Leave out every line before the one containing "Answer yes or no. Yes. Is Light Coral the low", and set down that line and the rest through the end of the listing exactly.

+ + + +

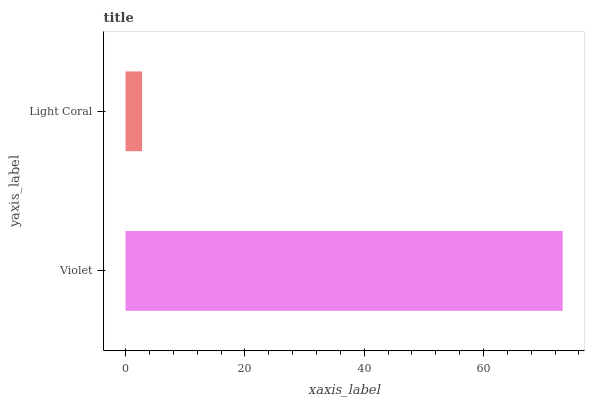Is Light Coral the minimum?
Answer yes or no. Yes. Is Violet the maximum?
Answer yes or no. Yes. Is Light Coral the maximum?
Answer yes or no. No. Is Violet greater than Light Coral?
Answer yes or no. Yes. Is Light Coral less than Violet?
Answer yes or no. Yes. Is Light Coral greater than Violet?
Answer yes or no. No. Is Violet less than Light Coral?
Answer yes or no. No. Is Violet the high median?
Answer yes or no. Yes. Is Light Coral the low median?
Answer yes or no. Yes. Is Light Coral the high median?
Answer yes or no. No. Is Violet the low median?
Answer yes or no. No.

+ + + +

Answer space:
Answer yes or no. Yes. Is Light Coral the low median?
Answer yes or no. Yes. Is Light Coral the high median?
Answer yes or no. No. Is Violet the low median?
Answer yes or no. No.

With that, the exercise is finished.